In 2011, amid the Arab Spring revolutions, protests erupted across Syria against Assad’s regime, which had become notorious in Syria for brutal repression of dissidents and the disappearance and torture of ordinary Syrians critical of the regime. Assad responded with violent repression of protesters, including with live fire, killing scores of Syrians. Protests soon evolved into armed confrontations between regime forces and armed rebels, who were joined by dissident army members. Simultaneously, armed groups made of foreign fighters also began to form, receiving arms and support from regional and foreign countries antagonistic to Assad. The most notorious of these groups was the ‘Al-Nusra Front’, which sprang from Syria’s branch of Al-Qaeda. Its leader, Ahmad Al-Sharaa, now known as Abu Mohammad Al-Joulani, later dissociated himself from Al-Qaeda and became the leader of the current Syrian rebel force which toppled Assad.

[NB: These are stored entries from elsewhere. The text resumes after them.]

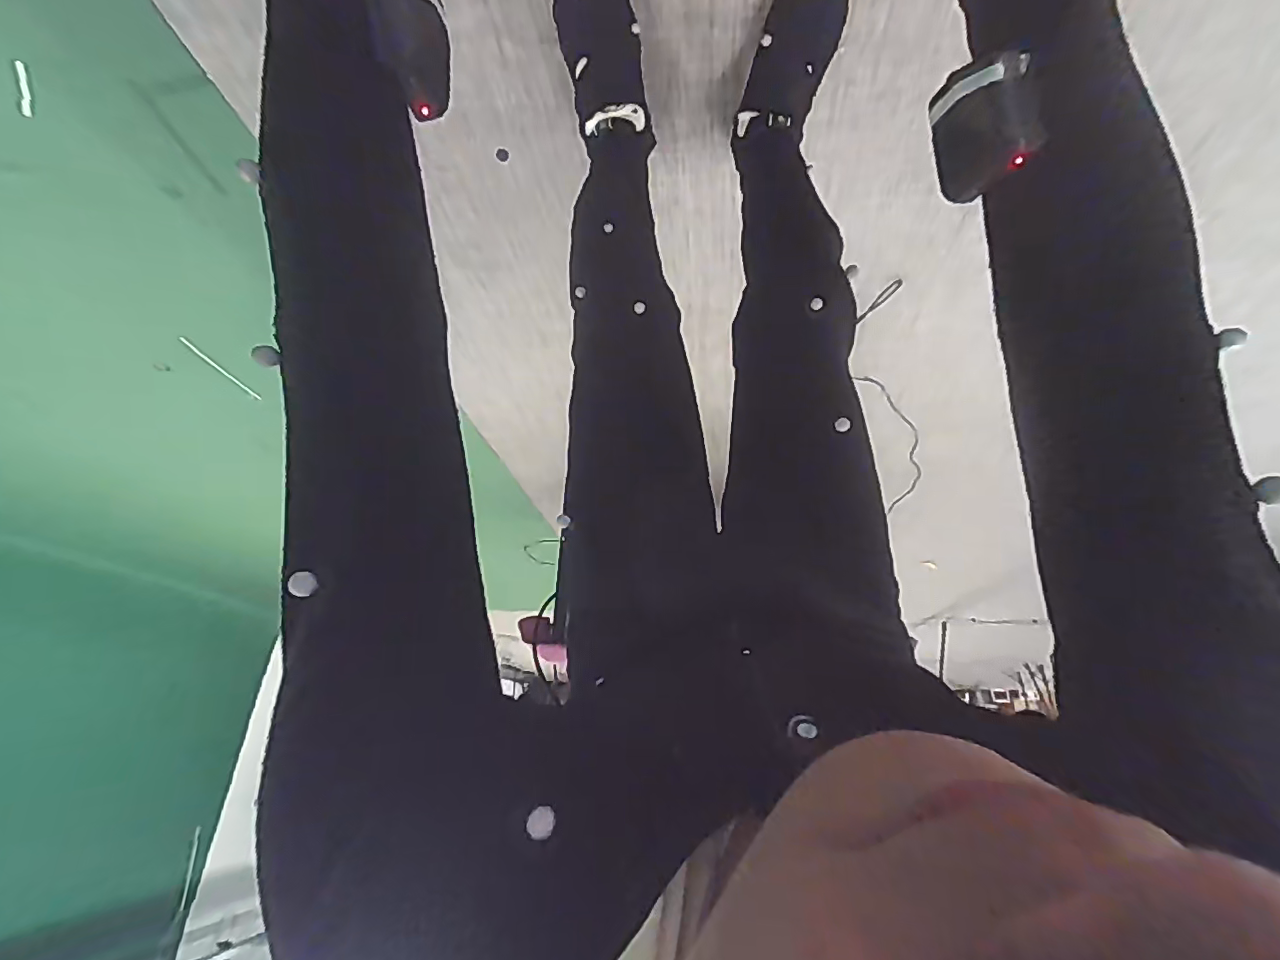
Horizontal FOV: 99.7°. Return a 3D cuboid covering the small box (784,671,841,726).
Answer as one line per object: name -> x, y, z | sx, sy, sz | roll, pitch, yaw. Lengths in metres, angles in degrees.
small box -> 0.604, 0.777, 1.913 | 0.168, 0.176, 0.179 | -2, 153, 9

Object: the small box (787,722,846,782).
small box -> 0.596, 0.924, 1.843 | 0.168, 0.176, 0.179 | -2, 153, 10
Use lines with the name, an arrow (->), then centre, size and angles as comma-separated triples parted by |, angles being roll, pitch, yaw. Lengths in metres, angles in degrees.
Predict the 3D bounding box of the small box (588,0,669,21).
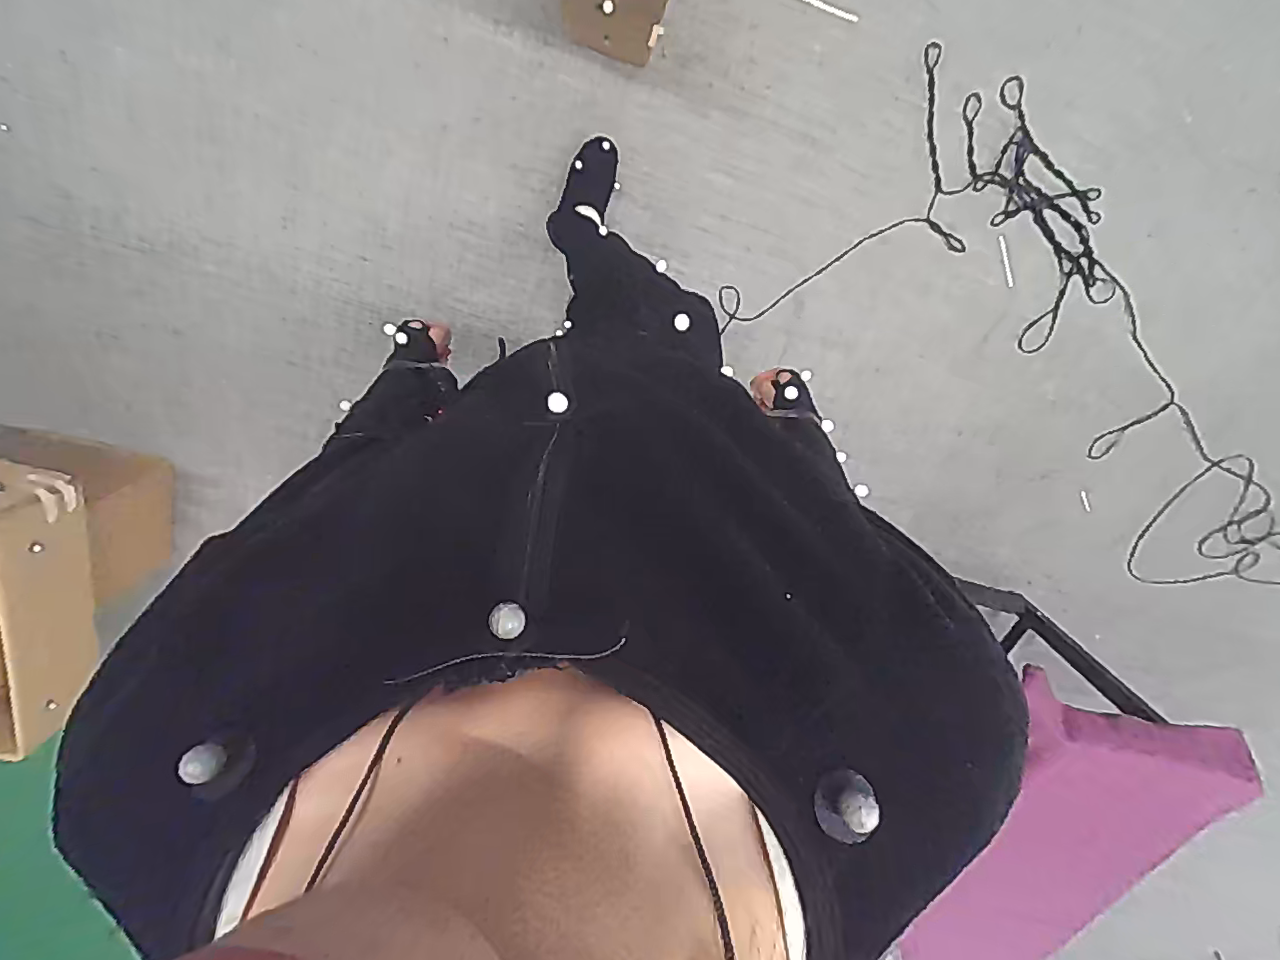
small box -> -0.021, -0.794, 0.765 | 0.179, 0.176, 0.168 | 12, 113, -11

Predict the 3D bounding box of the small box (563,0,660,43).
small box -> -0.033, -0.877, 0.906 | 0.179, 0.176, 0.168 | 14, 114, -11

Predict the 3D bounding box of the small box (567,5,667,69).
small box -> -0.036, -0.943, 1.057 | 0.179, 0.176, 0.168 | 14, 113, -11

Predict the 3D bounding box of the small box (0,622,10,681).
small box -> -1.424, 0.364, 1.071 | 0.168, 0.176, 0.179 | 17, 112, -13

Throughout the Syrian civil war, Assad employed carpet bombing of civilian areas, causing the displacement of hundreds of thousands of Syrians. He has been accused of war crimes by several human rights organizations, which also accused rebel groups of committing war crimes as well.

Al-Assad’s regime also played a key role in the Iranian-led military alliance that connected militia groups across Iran, Iraq, Syria, and Lebanon.

After the ISIS takeover of large parts of Iraq, the Iraqi ‘Popular Mobilization’ was formed, which included a coalition of Iraqi militias backed by Iran. The ‘Popular Mobilization’ fought against ISIS and was credited as a key element in its defeat. The coalition, which was later recognized as part of the Iraqi armed forces by the Iraqi state, would join an Iranian-led military alliance geographically connecting Iran, Iraq, Syria, and Lebanon, which increased Syria’s strategic importance in the region, and facing Israel.

This alliance was strengthened after Iraqi militias, Iranian military advisors, and Hezbollah fighters assisted Assad during the Syrian civil war against rebel groups between 2012 and 2018, leading to Assad’s control of large parts of Syria. Israel increased its bombing of Syrian territory, especially Syrian army targets throughout these years, claiming that it was targeting provision routes between Iran and Hezbollah. Syria never responded to Israel’s attacks.

The collapse of the Assad regime represents a major change in the Middle East’s geopolitical map. This change will have important impacts on Israel’s relation to the rest of the region and on the future course of the Palestinian cause. As the new phase of Syria’s history has yet to take form, this impact remains uncertain.